ABOUT THIS TASK: Produce a verbatim copy of the data below that contains no pictures.

GIVEN RECORDS:
++++
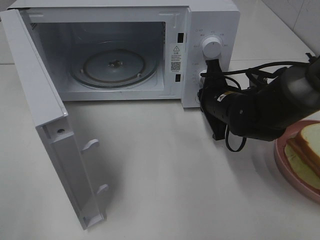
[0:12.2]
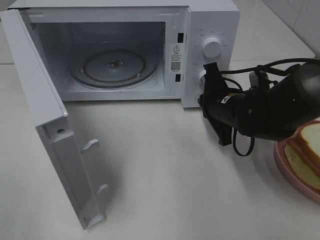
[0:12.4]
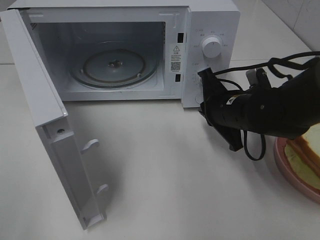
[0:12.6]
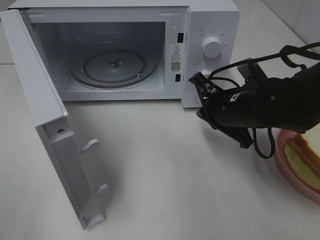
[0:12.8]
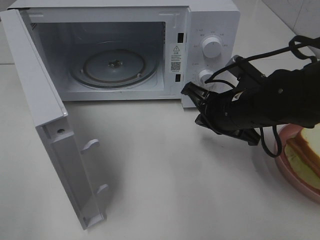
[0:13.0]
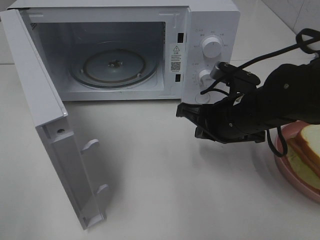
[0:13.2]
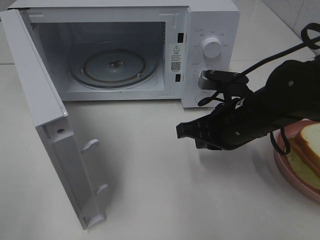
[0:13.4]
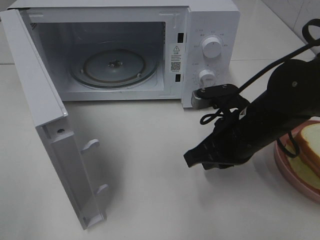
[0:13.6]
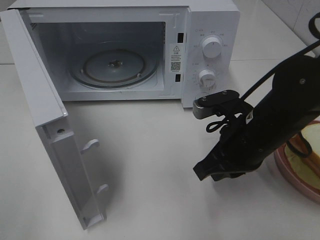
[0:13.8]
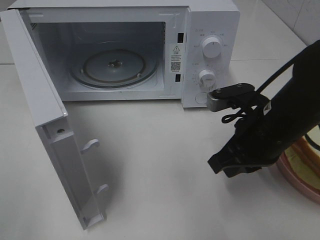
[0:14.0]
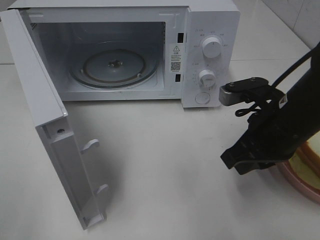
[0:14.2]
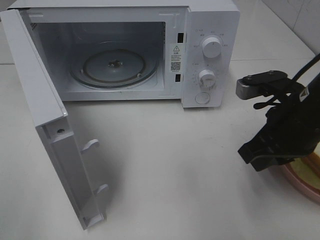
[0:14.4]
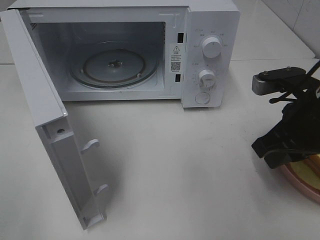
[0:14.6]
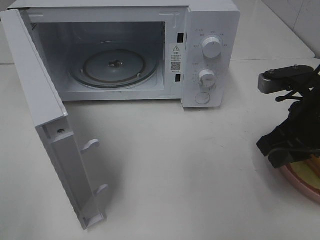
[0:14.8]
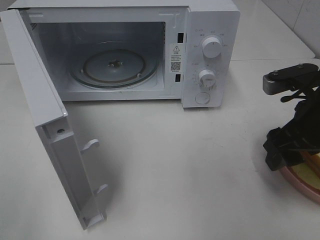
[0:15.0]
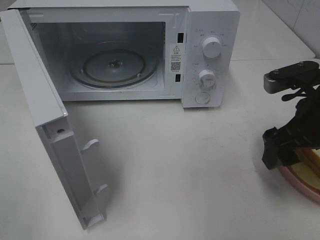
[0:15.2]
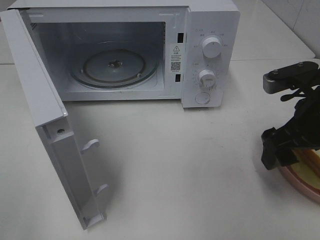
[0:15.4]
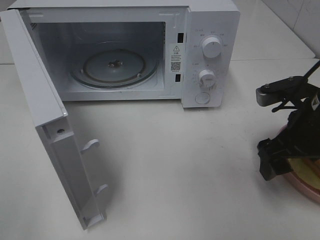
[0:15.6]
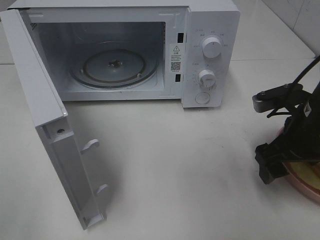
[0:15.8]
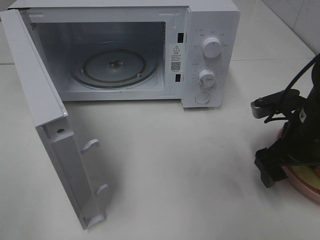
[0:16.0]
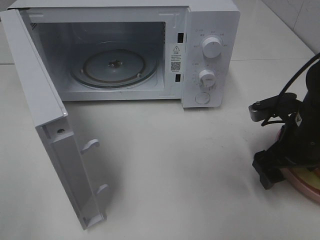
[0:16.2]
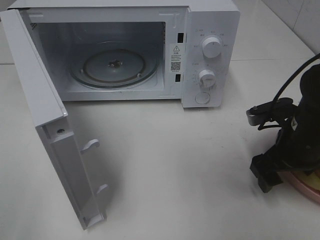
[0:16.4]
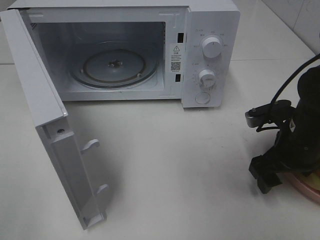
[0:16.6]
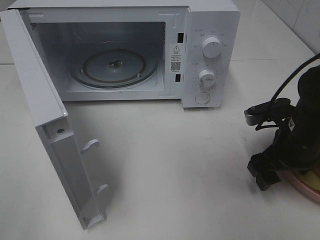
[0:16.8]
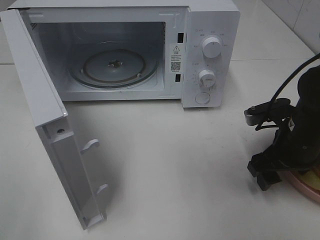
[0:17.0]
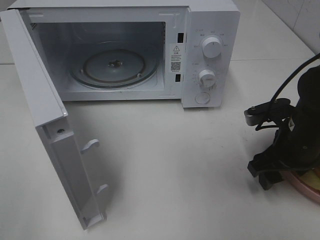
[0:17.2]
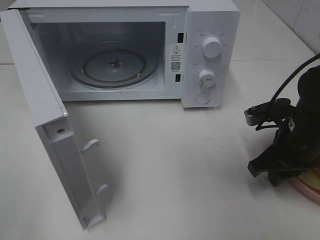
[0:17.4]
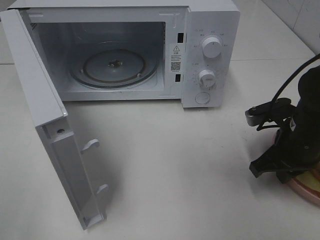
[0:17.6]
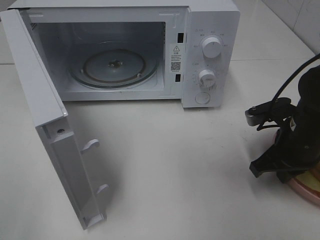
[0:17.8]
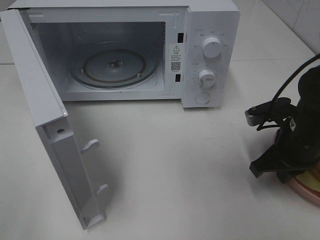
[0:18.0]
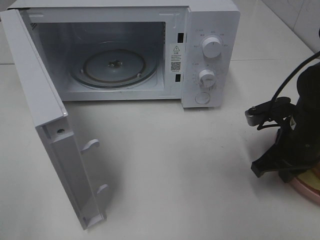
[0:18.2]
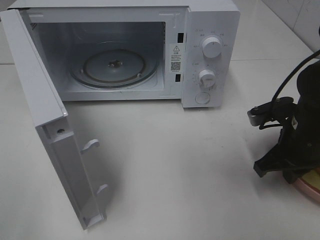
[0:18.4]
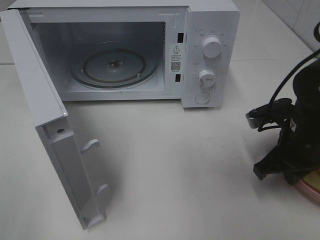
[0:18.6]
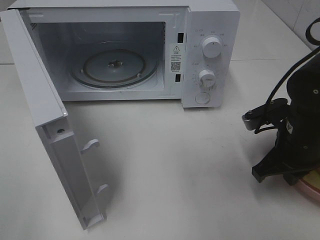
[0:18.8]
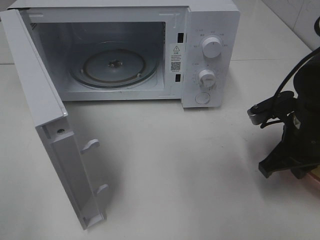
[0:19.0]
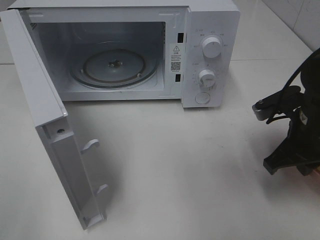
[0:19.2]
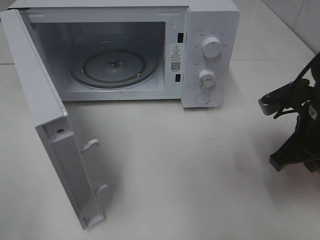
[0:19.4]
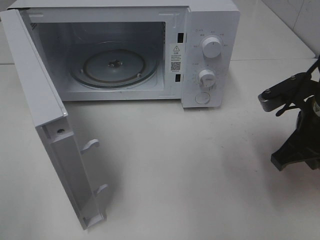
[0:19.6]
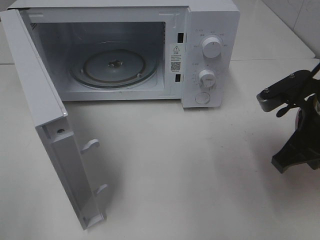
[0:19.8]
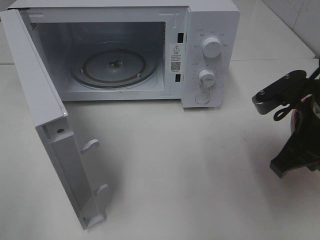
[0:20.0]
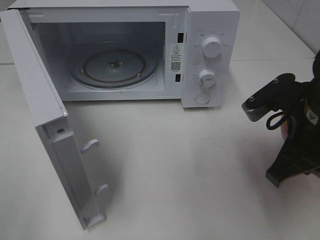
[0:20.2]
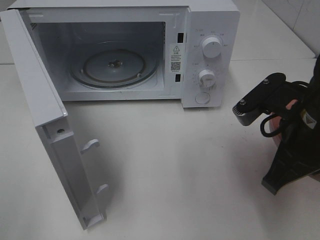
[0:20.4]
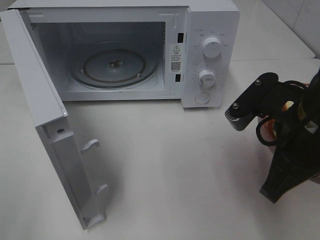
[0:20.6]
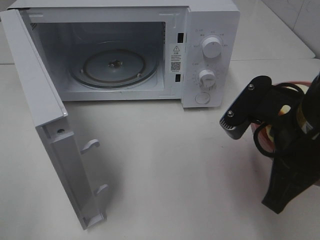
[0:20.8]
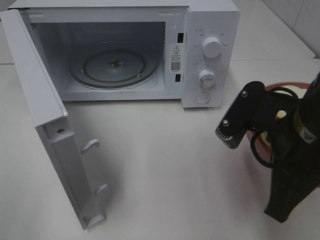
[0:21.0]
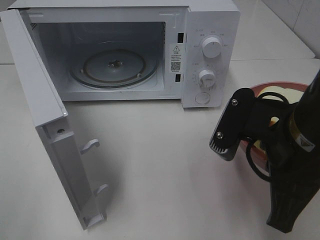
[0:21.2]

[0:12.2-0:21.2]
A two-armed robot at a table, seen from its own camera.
++++
RESPONSE:
[0:12.2]
[0:12.4]
[0:12.6]
[0:12.8]
[0:13.0]
[0:13.2]
[0:13.4]
[0:13.6]
[0:13.8]
[0:14.0]
[0:14.2]
[0:14.4]
[0:14.6]
[0:14.8]
[0:15.0]
[0:15.2]
[0:15.4]
[0:15.6]
[0:15.8]
[0:16.0]
[0:16.2]
[0:16.4]
[0:16.6]
[0:16.8]
[0:17.0]
[0:17.2]
[0:17.4]
[0:17.6]
[0:17.8]
[0:18.0]
[0:18.2]
[0:18.4]
[0:18.6]
[0:18.8]
[0:19.0]
[0:19.2]
[0:19.4]
[0:19.6]
[0:19.8]
[0:20.0]
[0:20.2]
[0:20.4]
[0:20.6]
[0:20.8]
[0:21.0]
[0:21.2]

[0:12.2-0:21.2]
A two-armed robot at a table, seen from its own camera.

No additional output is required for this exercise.